When grown in culture, human embryonic stem cells accrue mutations. Many of these changes are similar to those observed in cancer cells and may affect the cells' suitability for use in therapies or even for studying disease. However, detecting such changes has been difficult, as has been characterizing their accumulation in different cell lines over time. A group of scientists from seven countries recently reported the most comprehensive characterization so far of genomic stability in human embryonic stem cell (hESC) lines. Led by Elisa Närvä and Riitta Lahesmaa of the Turku Centre of Biotechnology in Finland, the scientists analyzed 17 hESC lines maintained in different laboratories and compared variation to that found in genomes from the HapMap project, which provides a reference adult population.

Previous studies of genetic stability in hESCs have probed fewer lines for either limited numbers of differences or for larger differences that can be made apparent on intact chromosomes. This analysis cataloged variation more extensively, focusing on two classes of genetic differences: single-nucleotide polymorphisms and copy-number variations (CNVs), which are genomic regions that are amplified or deleted. To do so, the researchers used a hybridization array containing nearly a million probes for single-nucleotide polymorphisms, plus nearly another million probes to detect CNVs.

These analyses identified 843 areas with CNVs ranging in size from 50 to 3,000 kilobases. The number and sizes of these CNVs were similar to those identified in the genomes of 90 Caucasian individuals sampled from the HapMap project. However, the distribution of these CNVs on chromosomes did differ. And although HapMap CNVs represented gains and losses of genomic regions equally, nearly three-quarters of CNVs in hESCs were gains or amplifications.

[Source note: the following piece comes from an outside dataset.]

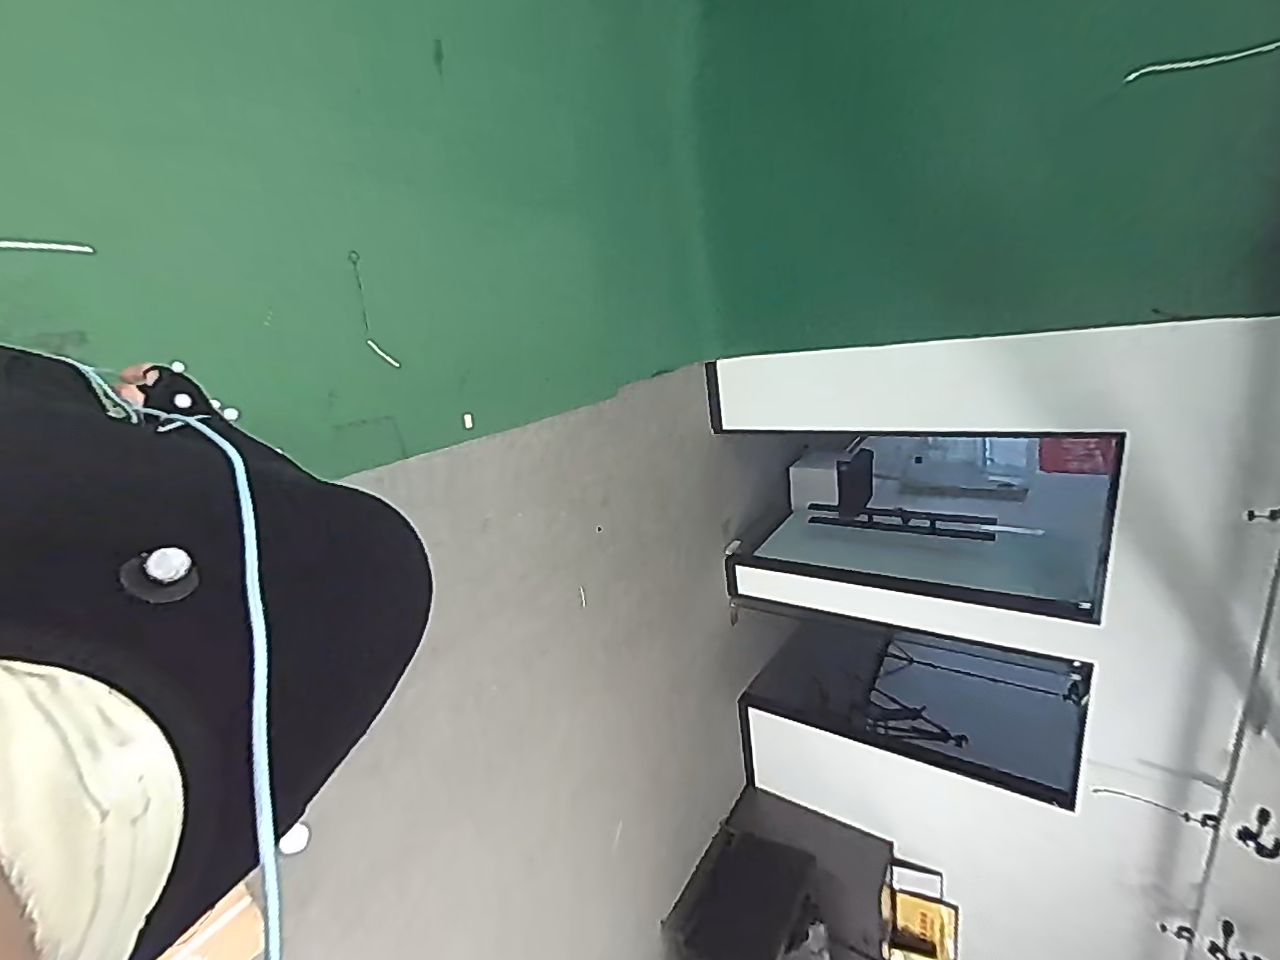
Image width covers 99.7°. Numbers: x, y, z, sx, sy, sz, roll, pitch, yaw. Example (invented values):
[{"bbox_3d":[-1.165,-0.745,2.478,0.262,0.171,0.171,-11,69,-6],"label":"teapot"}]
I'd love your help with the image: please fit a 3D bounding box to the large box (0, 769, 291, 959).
[{"bbox_3d":[-1.106,0.957,1.210,0.408,0.320,0.320,-31,119,-49],"label":"large box"}]

Follow-up studies indicated that CNVs often affected gene expression and that the biological function of many of these genes was associated with cancer. Additionally, the researchers' analysis showed that one of the cell lines (FES21) lost heterozygosity in the short arm of chromosome 16, though standard karyotyping of this hESC line had not previously detected this change; loss of heterozygosity, in which either the maternal or paternal region of a chromosome is deleted and its counterpart is duplicated, is frequently associated with cancer cells.

Other studies have indicated that mutations that allow hESCs to thrive in culture promote cancer-like qualities. Accordingly the researchers analyzed genomes from several samples of the same line that had been maintained in culture for many cell divisions (more than 50 passages) and compared them to those with fewer cell divisions (fewer than 50 passages), searching for regions affected by time in culture. The data indicated that new loss-of-heterozygosity sites arose at an average rate of 1.3 per passage. These had an average size of 1,000 kilobases and occurred on nearly every chromosome.

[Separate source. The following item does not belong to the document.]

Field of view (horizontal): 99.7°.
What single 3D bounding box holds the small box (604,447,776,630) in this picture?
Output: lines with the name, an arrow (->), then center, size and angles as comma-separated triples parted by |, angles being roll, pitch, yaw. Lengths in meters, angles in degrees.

The researchers also asked whether the variations detected in hESCs occurred in different lines. They identified seven amplified and two deleted regions in eight or more samples. One of these, a deletion of tumor suppressor HIC2, they found in 28% of hESC samples but in fewer than 5% of HapMap samples. This change is likely to be culture-induced because the reseachers observed it in genomes of later-passage samples but not in earlier ones of the same lines.

Although these results do not indicate that stem cells cannot be used therapeutically, they do indicate that time in culture should be limited for cells intended for therapeutic use. Even basic researchers need to be careful: “Small changes acquired during culture may have profound influence on the phenotype of molecular mechanisms that are under investigation,” says Lahesmaa. In addition to monitoring and analysis, she says, results from experiments should be verified on multiple cell lines.

Besides looking into the functional importance of mutations acquired during cell culture, Lahesmaa and colleagues plan to examine epigenetic changes and to conduct similar genomic studies of the genetic variations that occur when somatic cells are reprogrammed into pluripotent stem cells.